*DATA SUPPLIED*
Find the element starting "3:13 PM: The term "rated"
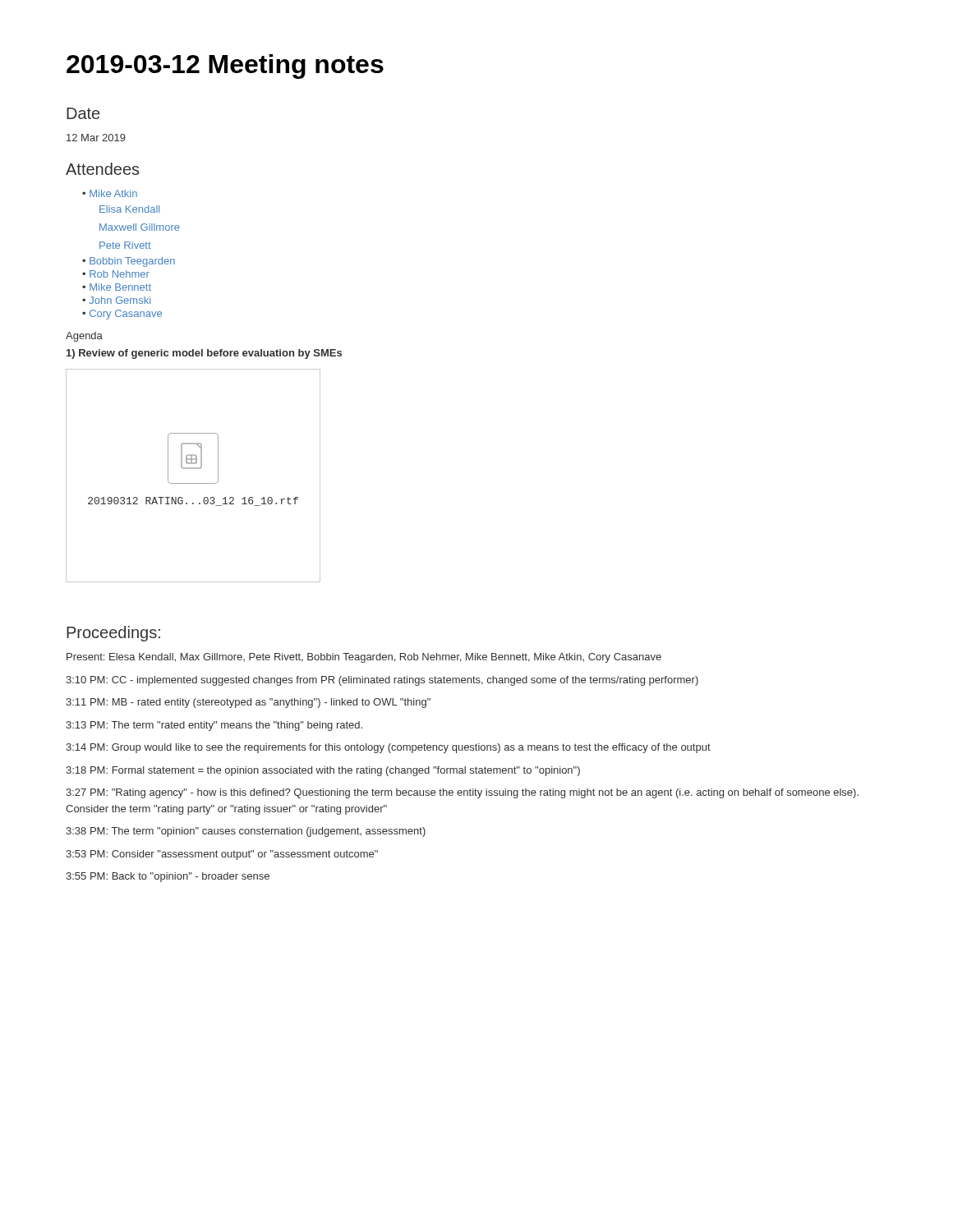The image size is (953, 1232). pos(214,726)
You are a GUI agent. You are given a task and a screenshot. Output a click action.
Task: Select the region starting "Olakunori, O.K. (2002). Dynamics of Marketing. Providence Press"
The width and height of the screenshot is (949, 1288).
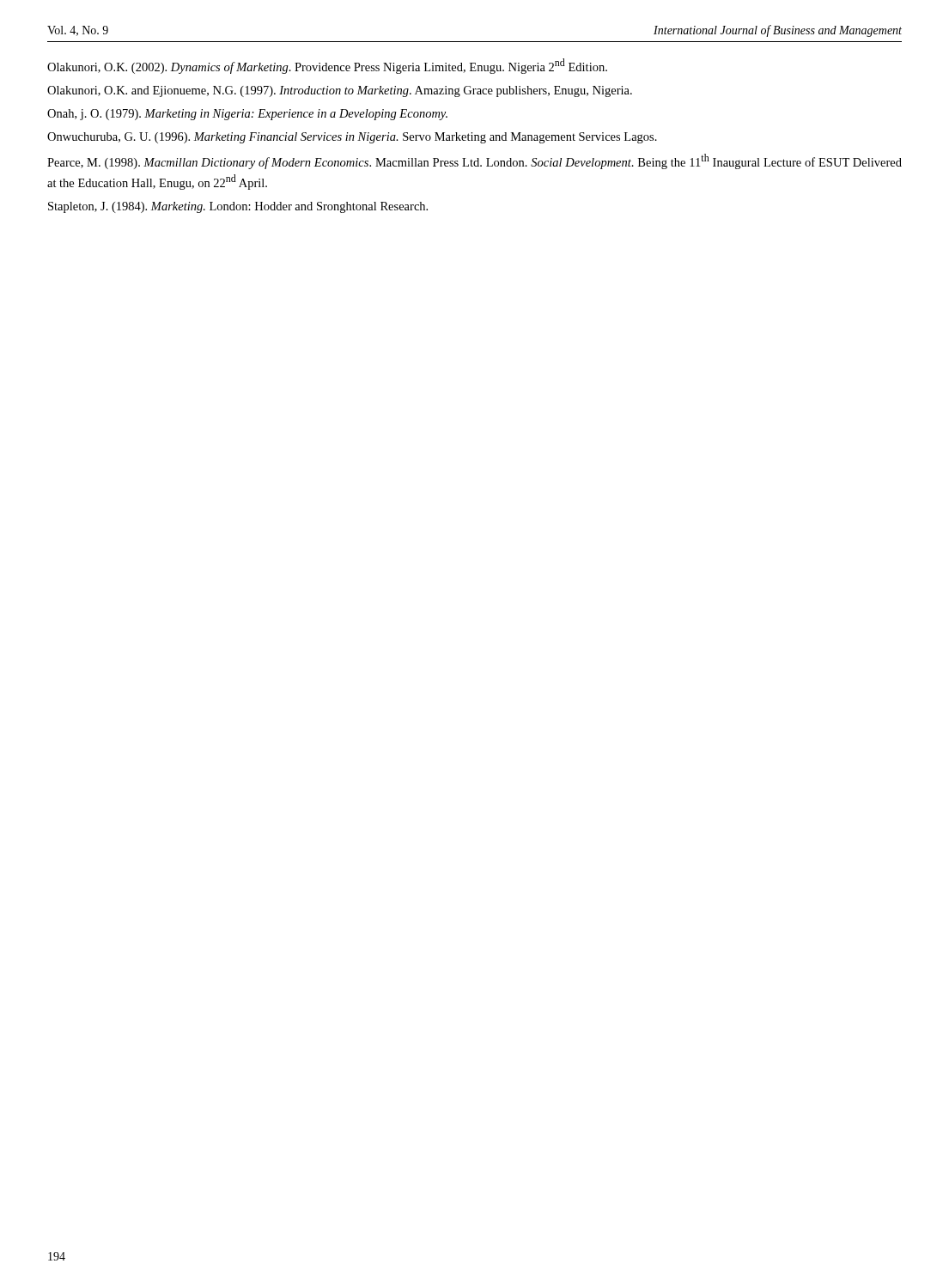pos(328,65)

*TASK DIRECTIONS*
Your reply must hold only the lines from the line containing "The width and" through the end of the records above, written out exactly, both ends included, with no pictures, please.

*YOUR SOLUTION*
The width and height of the screenshot is (949, 1288).
pos(328,65)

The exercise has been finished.